▸ **What you should do**:
Among the lines below, return each one that contains the word "item".

▸ **Supplied entries**:

-- -- --

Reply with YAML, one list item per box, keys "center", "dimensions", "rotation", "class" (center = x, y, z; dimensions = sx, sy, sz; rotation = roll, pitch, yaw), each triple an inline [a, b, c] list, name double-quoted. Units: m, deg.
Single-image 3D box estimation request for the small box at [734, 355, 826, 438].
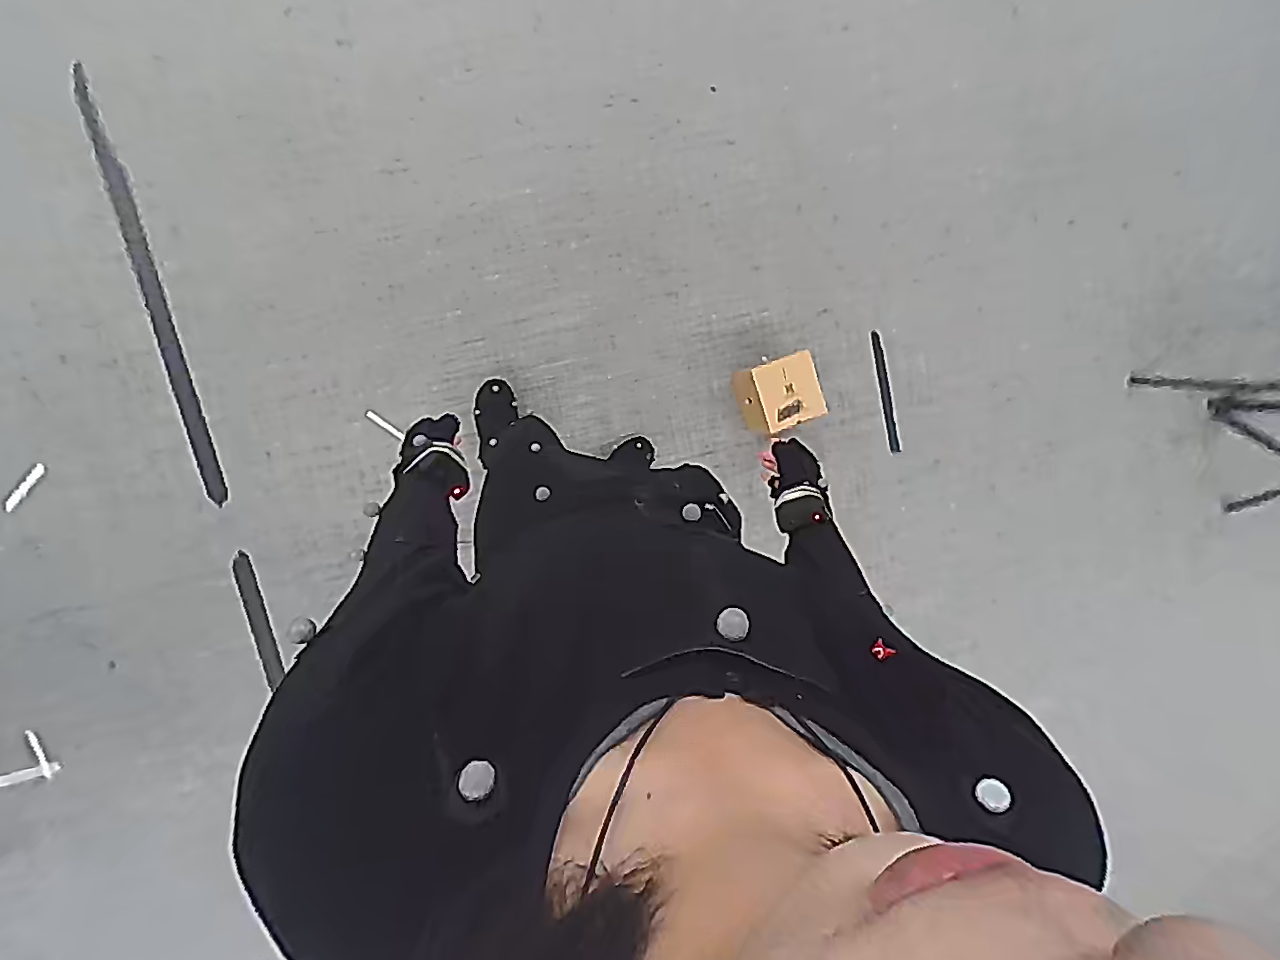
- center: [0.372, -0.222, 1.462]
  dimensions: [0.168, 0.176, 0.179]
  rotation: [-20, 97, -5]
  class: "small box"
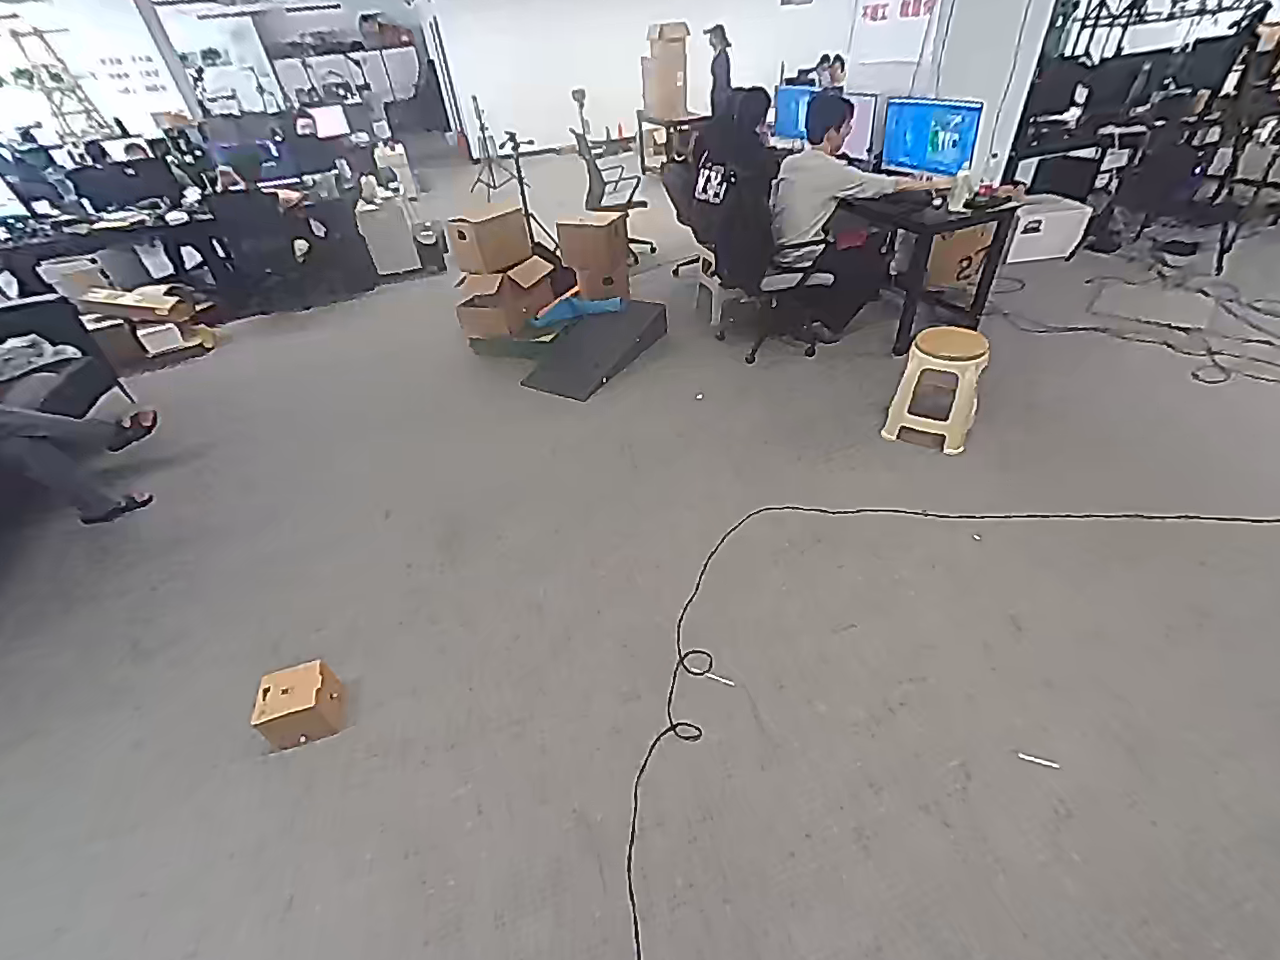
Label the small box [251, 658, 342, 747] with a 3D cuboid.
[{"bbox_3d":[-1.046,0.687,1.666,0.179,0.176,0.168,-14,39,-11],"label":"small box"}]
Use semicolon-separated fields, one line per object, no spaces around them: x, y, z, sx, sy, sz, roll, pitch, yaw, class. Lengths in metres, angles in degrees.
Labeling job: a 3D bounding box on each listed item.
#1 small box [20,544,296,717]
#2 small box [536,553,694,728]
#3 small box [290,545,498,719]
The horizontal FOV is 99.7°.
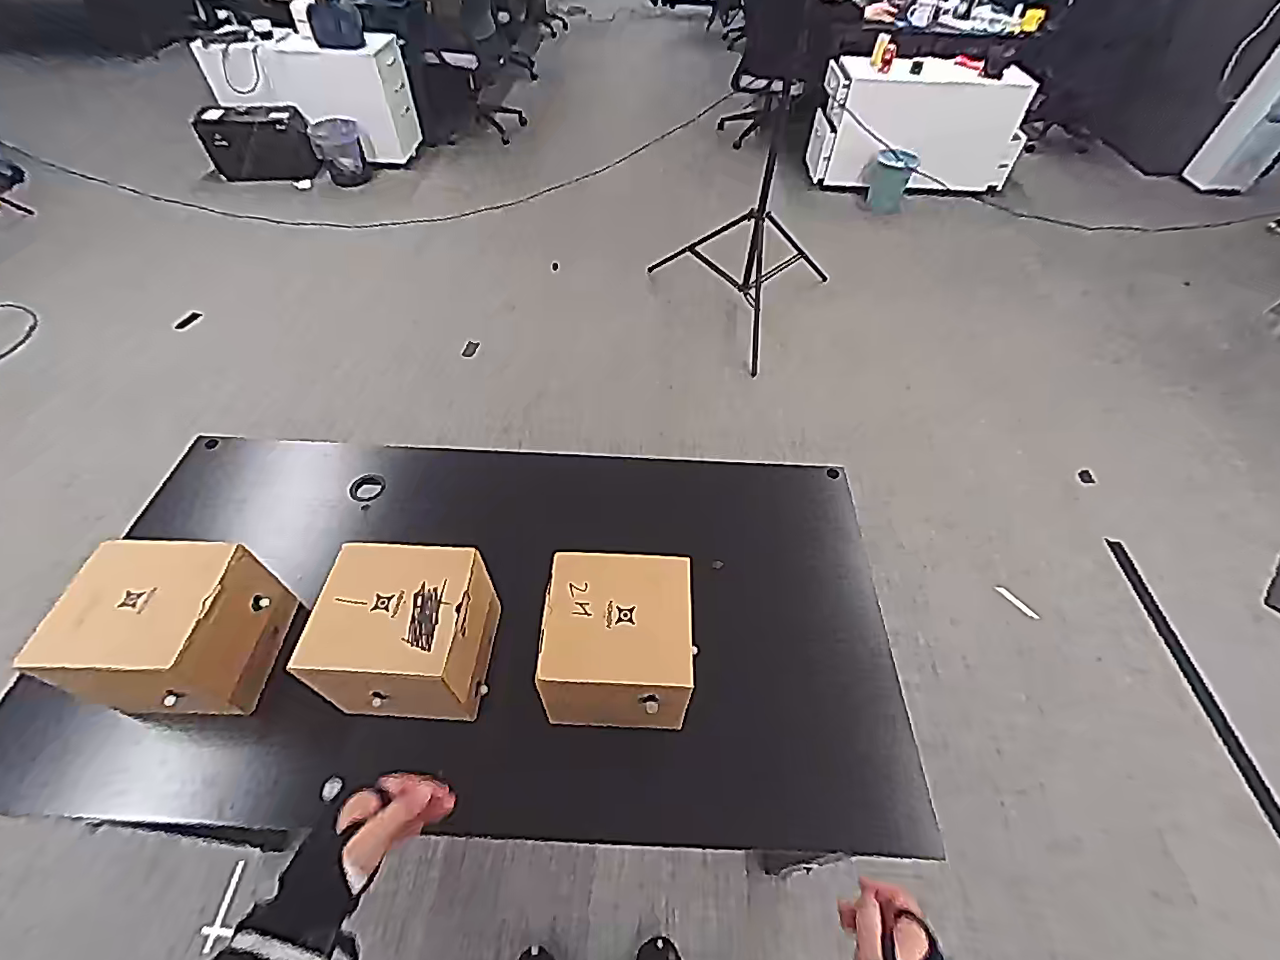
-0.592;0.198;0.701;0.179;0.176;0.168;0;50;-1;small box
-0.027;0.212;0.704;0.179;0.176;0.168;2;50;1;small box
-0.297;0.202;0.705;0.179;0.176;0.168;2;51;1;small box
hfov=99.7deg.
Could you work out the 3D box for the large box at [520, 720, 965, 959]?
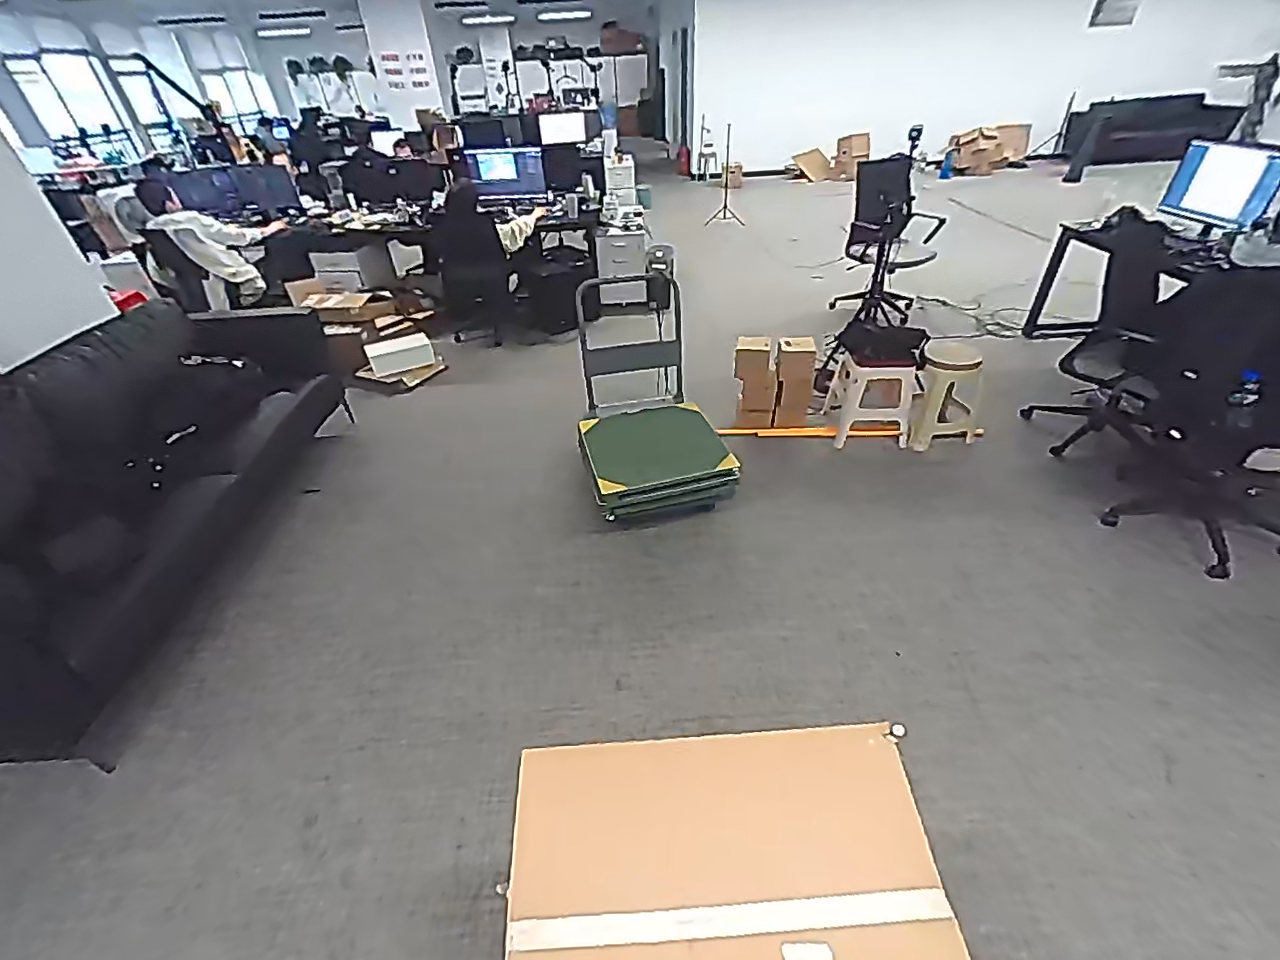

-- -- --

▸ **Answer to this task**:
Reply with YAML, one list item per box, keys "center", "dimensions", "rotation", "class" (center = x, y, z; dimensions = sx, sy, sz; rotation = roll, pitch, yaw), each triple an inline [a, b, c] list, name double-quoted. Units: m, deg.
Labeling job: a 3D bounding box on each listed item.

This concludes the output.